Premier entraînement en Pologne.
— OL Féminin (@OLfeminin) July 17, 2020
Nos joueuses affrontent le Medyk Konin ce samedi à 16h !
📺📱 En direct sur @OLTV_officiel et OLPLAY ! pic.twitter.com/Wpi36mKm8u
Lekcja od mistrzyń
Piłkarki Lyonu do Polski przyleciały czarterem. Nie testowały drugiego czy trzeciego garnituru, a na murawę wybiegał podstawowy skład. Ani razy nie wystąpiła jedynie Ada Hegerberg. Najbardziej rozpoznawalna piłkarka globu wciąż leczy zerwane w styczniu więzadła krzyżowe. Na razie trenuje więc tylko indywidualnie.
– Nie wyciągałabym z tych meczów żadnych wniosków w kontekście formy polskich klubów przed startem sezonu. Nie wiemy choćby jak piłkarki Lyonu trenowały przed poszczególnymi meczami. Nie przygotowywały się przecież do nich specjalnie, a traktowały je wyłącznie jako element zgrupowania – zaznacza Tokarska.
– Skład między meczami nie różnił się diametralnie, ale doszło do kilku zmian. Na spotkanie z Górnikiem wróciła na przykład Amandine Henry i w tym meczu Lyon grał najlepiej. Poza tym trzeba zaznaczyć, że w drugich połowach przeprowadzano mnóstwo zmian, co jest normalne przy sparingach, ale zaburza płynność gry – podsumowuje.
Obok wymienionej z polskimi zespołami zagrały także m.in. Lucy Bronze, Wendie Renard, Saki Kumagai, Dzsenifer Marozsan, Eugenie Le Sommer czy Nikita Parris. Na pierwszy ogień poszedł Medyk Konin, który przegrał 0:5. Lilyana Kostova strzeliła honorowego gola dla Czarnych Sosnowiec, które przegrały 1:4. Mecz mistrzyń Polski, Górnika Łęczna, zakończył się zaś wynikiem 0:9.
– Są dwie szkoły: jedni uważają, że granie z rywalami przy takiej przepaści w jakości generalnie nie ma sensu, a drudzy, że lepiej pograć właśnie z takim niż słabszym zespołem. Prawda leży zapewne gdzieś po środku – mówi Tokarska.
📹 Les 5 buts de nos joueuses marqués face au Medyk Konin ! #OLKON 5-0 pic.twitter.com/59BzlxQV60
— OL Féminin (@OLfeminin) July 18, 2020
Wyciągnąć wnioski i...?
Z pewnością polskie piłkarki mogły coś z tej lekcji wynieść. – Klasa rywala dała tło, które pozwala ocenić, czy brylujemy tylko w kraju, czy możemy równać się z najlepszymi – mówiła po meczu Ewelina Kamczyk, najlepsza zawodniczka polskiej ligi.

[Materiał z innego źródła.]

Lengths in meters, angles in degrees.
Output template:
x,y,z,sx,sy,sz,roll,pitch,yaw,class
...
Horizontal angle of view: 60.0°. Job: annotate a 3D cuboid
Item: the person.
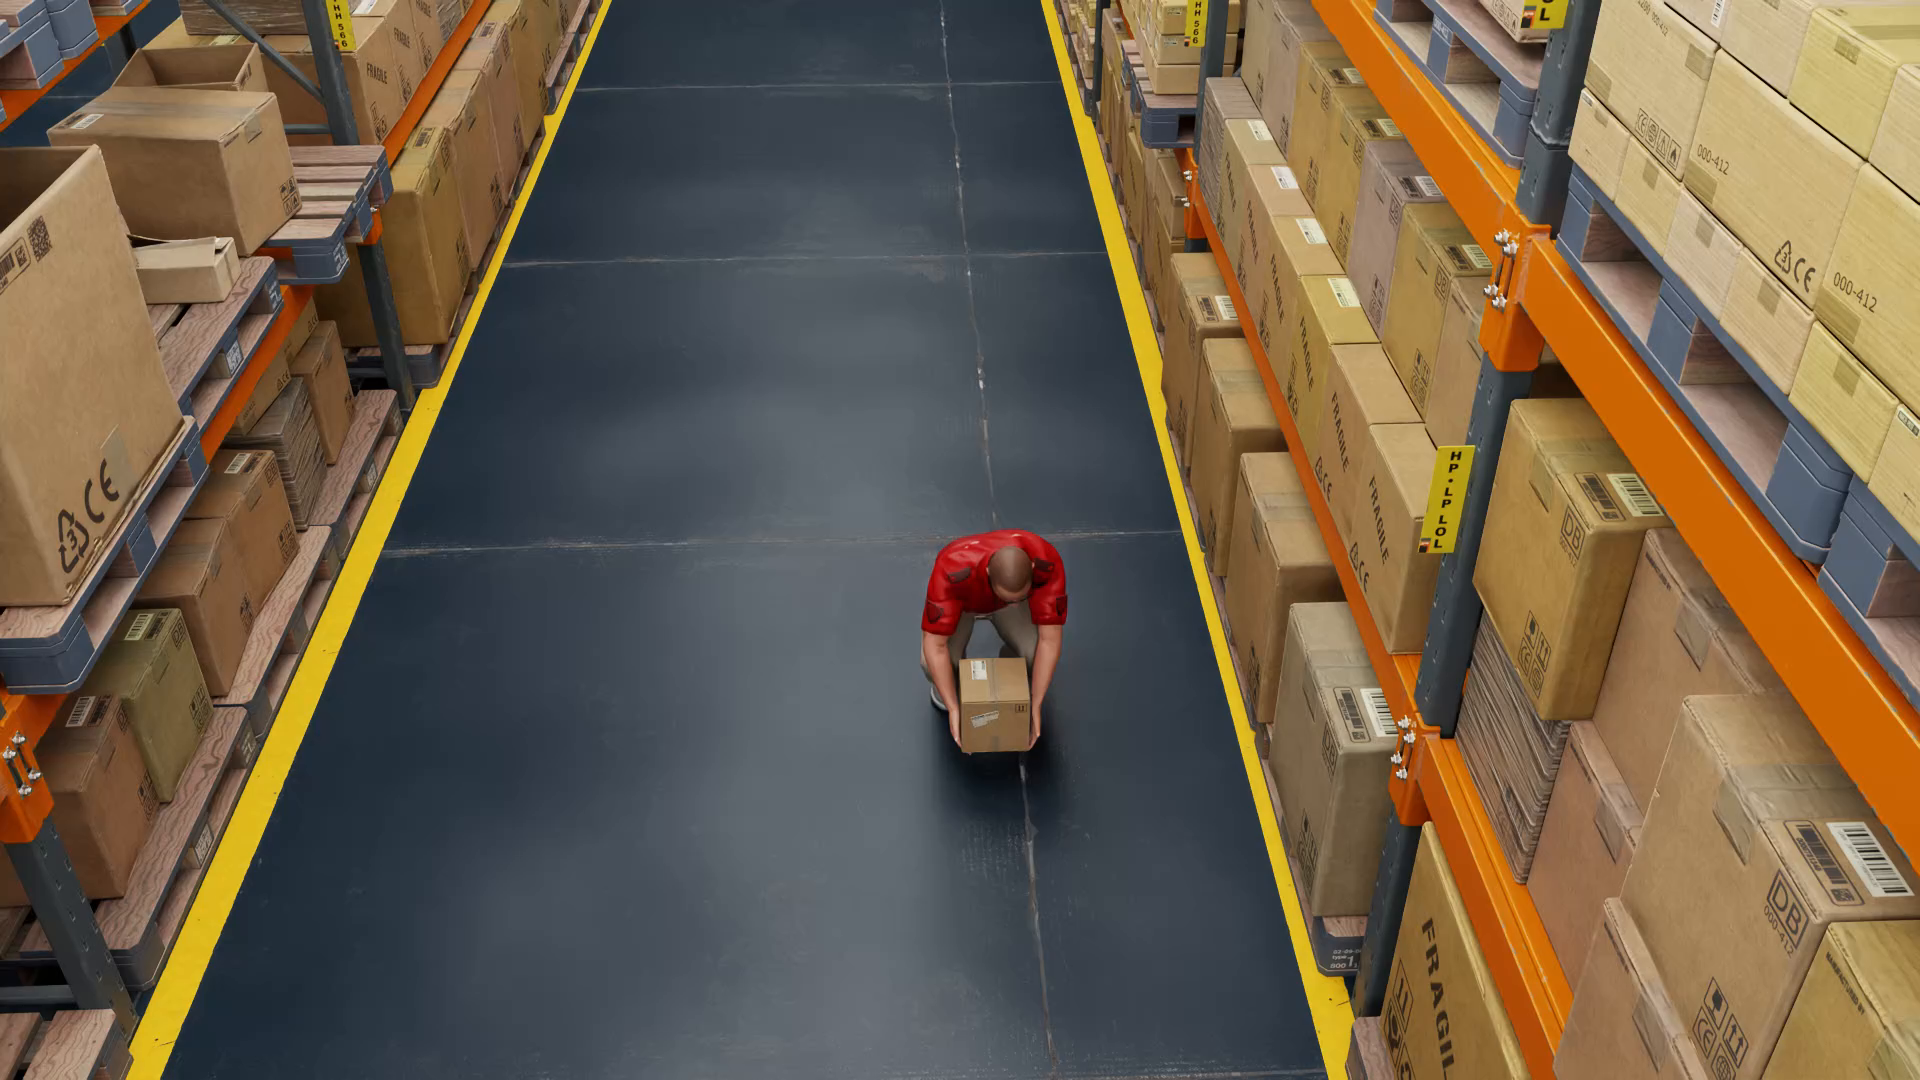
x,y,z,sx,sy,sz,roll,pitch,yaw,class
0.120,0.291,6.415,0.562,0.971,0.878,-1,35,-2,person
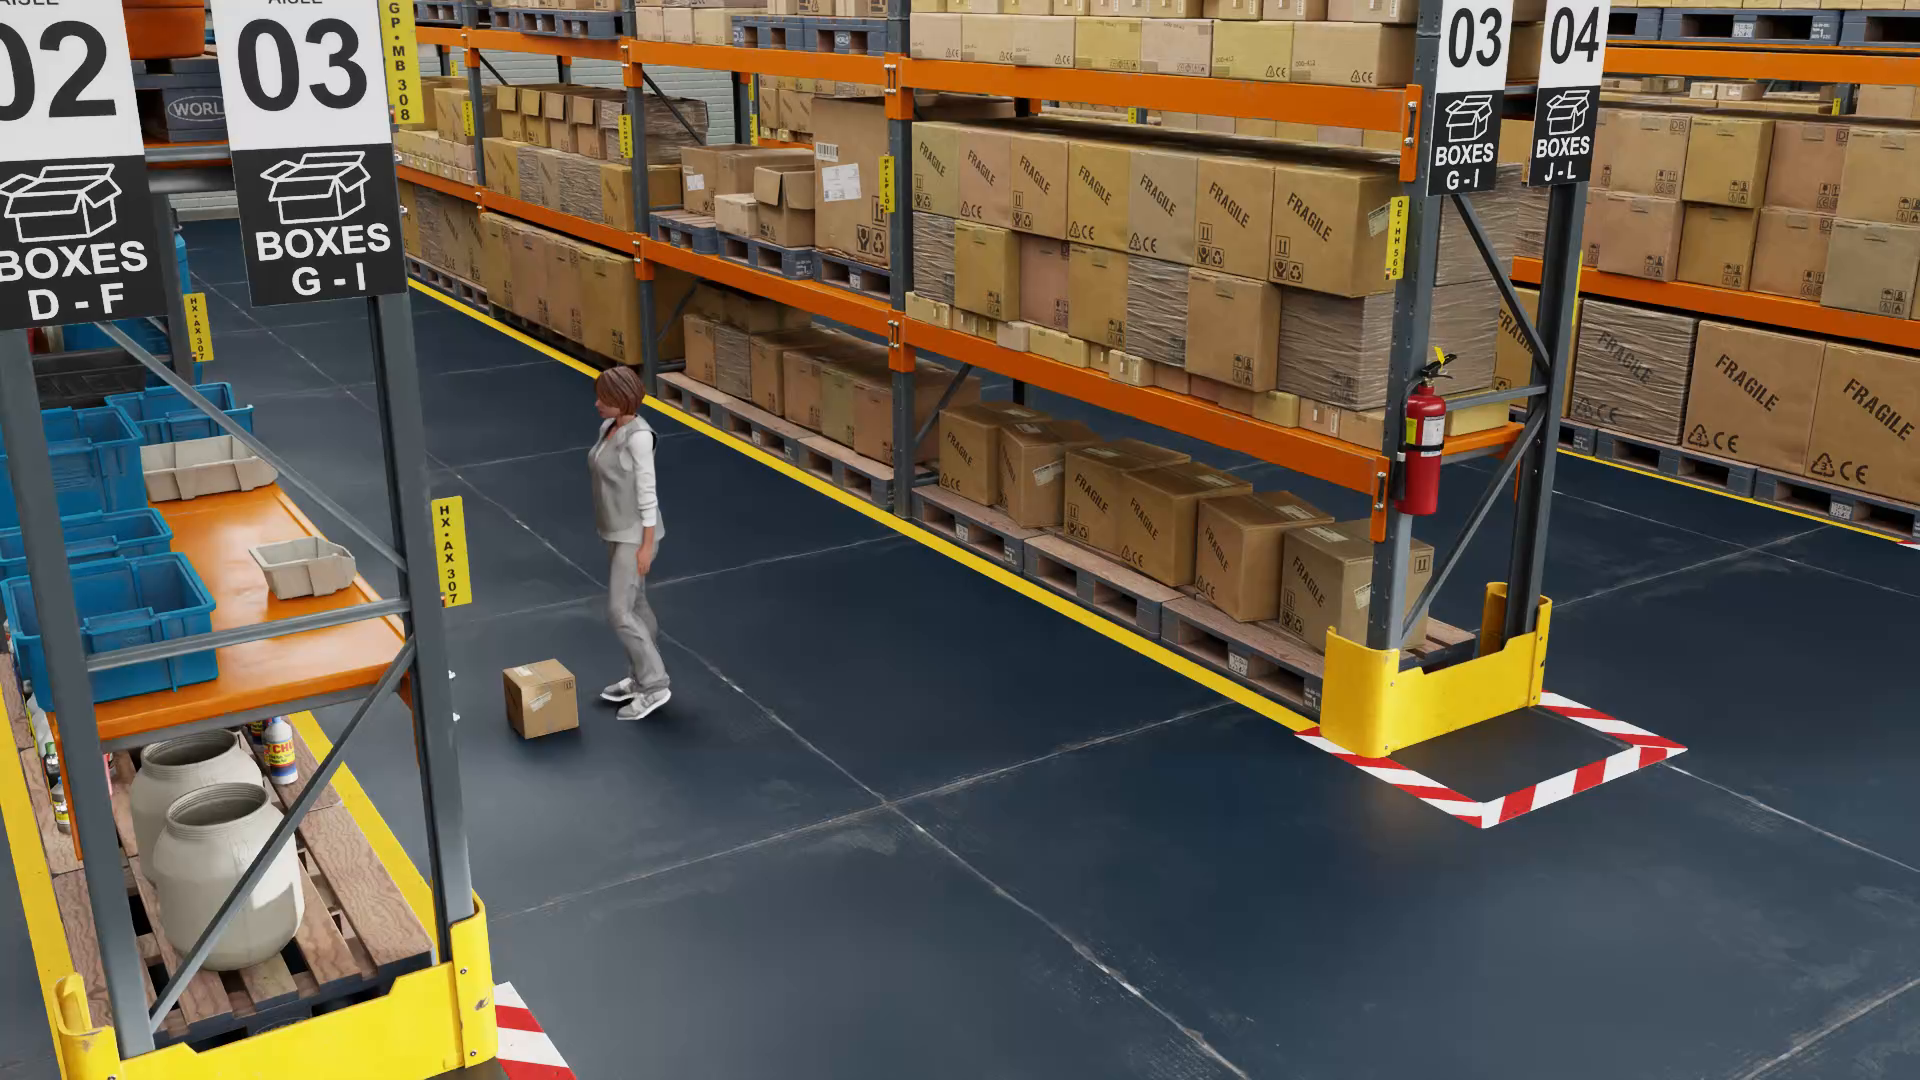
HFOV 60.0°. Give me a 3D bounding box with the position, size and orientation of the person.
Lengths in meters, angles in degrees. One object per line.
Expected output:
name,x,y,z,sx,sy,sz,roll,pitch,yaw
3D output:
person,-1.515,0.000,7.573,0.322,1.616,0.451,-9,20,-26

– To był fajny mecz, żeby się zweryfikować. Było sporo takich sytuacji, w których minimalny błąd techniczny od razu kończył się stratą. Nie było miejsca na niechlujną grę. To dobra nauka, która da świadomość jak daleko są najlepsze – zaznacza Tokarska.

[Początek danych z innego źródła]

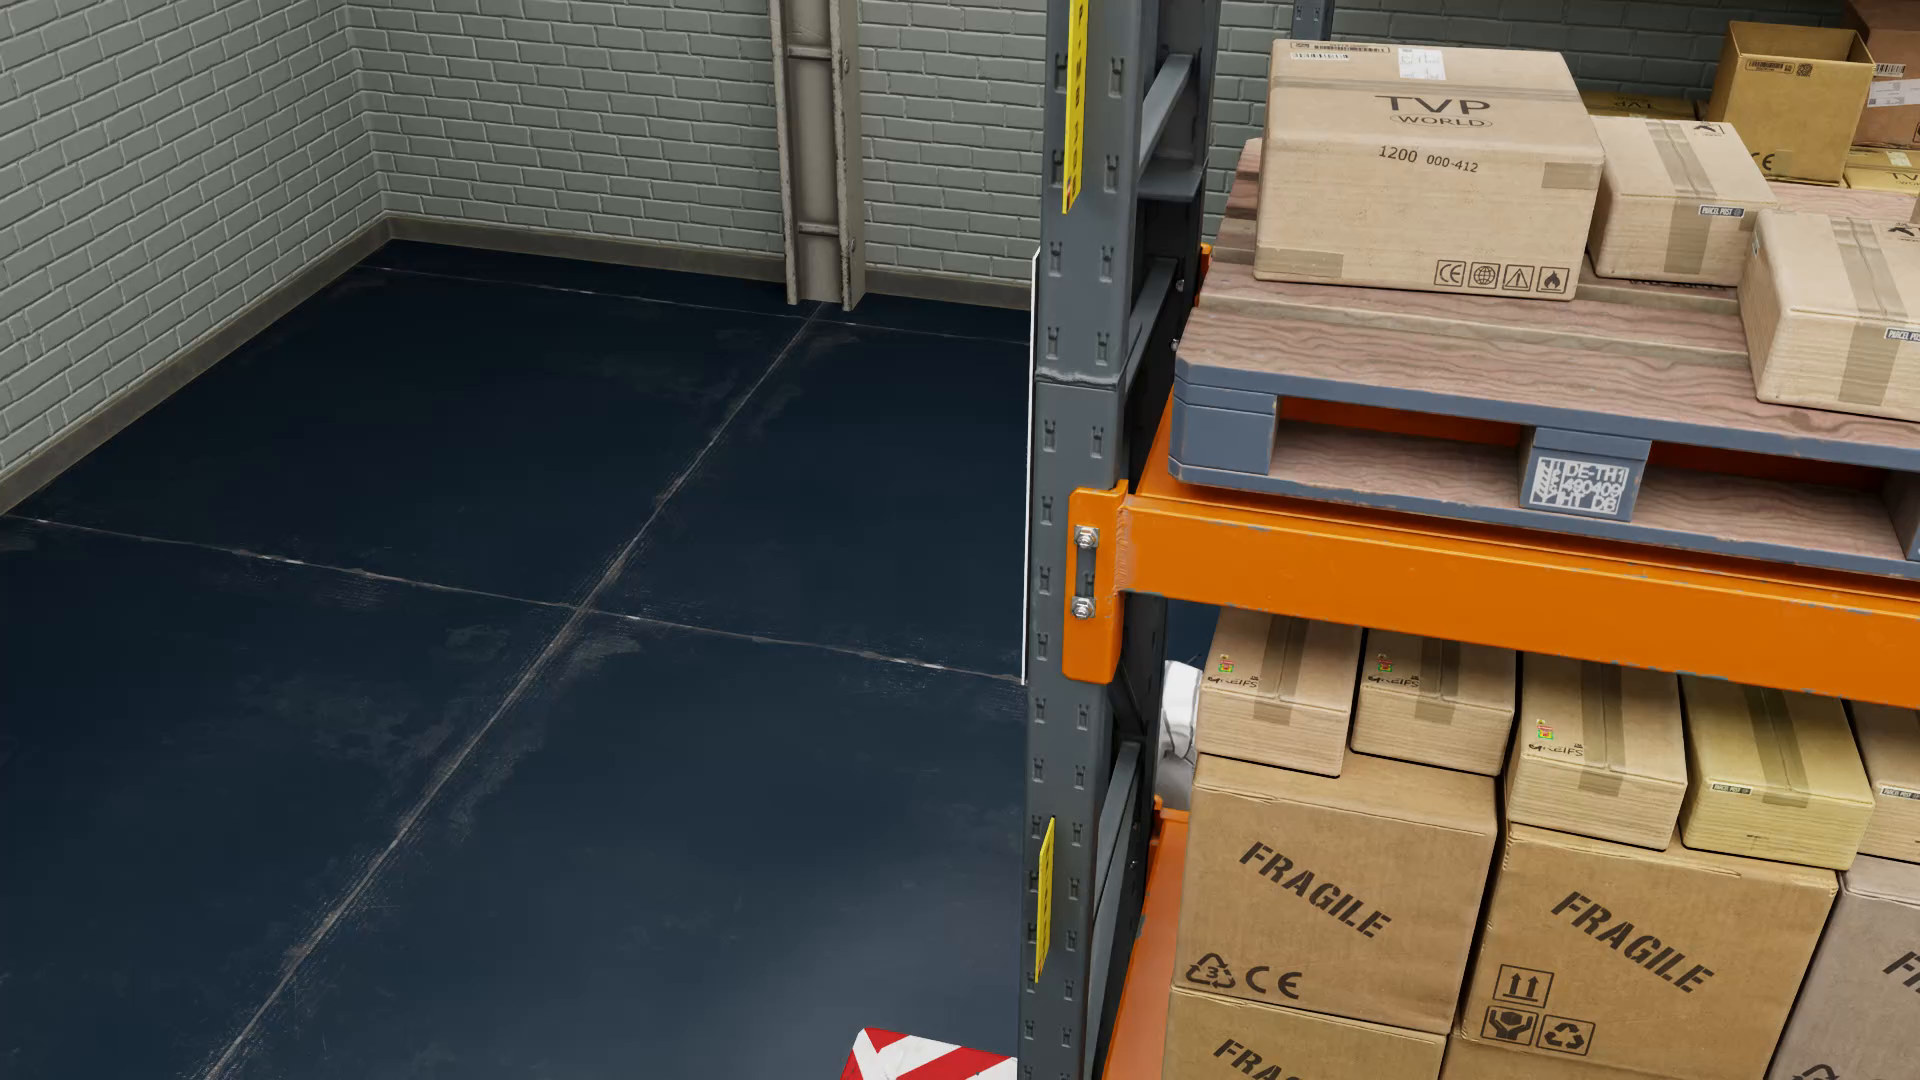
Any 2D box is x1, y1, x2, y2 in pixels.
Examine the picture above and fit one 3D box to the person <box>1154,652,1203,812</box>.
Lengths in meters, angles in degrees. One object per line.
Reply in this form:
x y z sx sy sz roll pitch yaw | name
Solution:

– Oczywiście, to normalne, że po meczu dominuje przekaz, że "uczymy się od najlepszych". Ale ja oczekuję, że dziewczyny wyciągną z tego coś więcej i po takich meczach będą miały w głowie większy plan na siebie. Niech każda pójdzie do trenera, powie: "myślę, że muszę zmienić to, to i to. Co pan uważa?". Tu jest pole do działania – dodaje.
Miejmy nadzieję, że polskie piłkarki wyciągną odpowiednie wnioski, które przełożą się na poziom Ekstraligi. Od sezonu 2020/21 jej mecze (po jednym w każdej kolejce) transmitowane będą w TVP Sport, TVPSPORT.PL i aplikacji mobilnej.
* * *
Medyk Konin – Olympique Lyon 0:5 (0:2)
Bramki: Gunnarsdottirs 23', Parris 45+2', Renard 49' (k), Majri 55' (k), Cascarino 69'
Czarni Sosnowiec – Olympique Lyon 1:4 (0:3)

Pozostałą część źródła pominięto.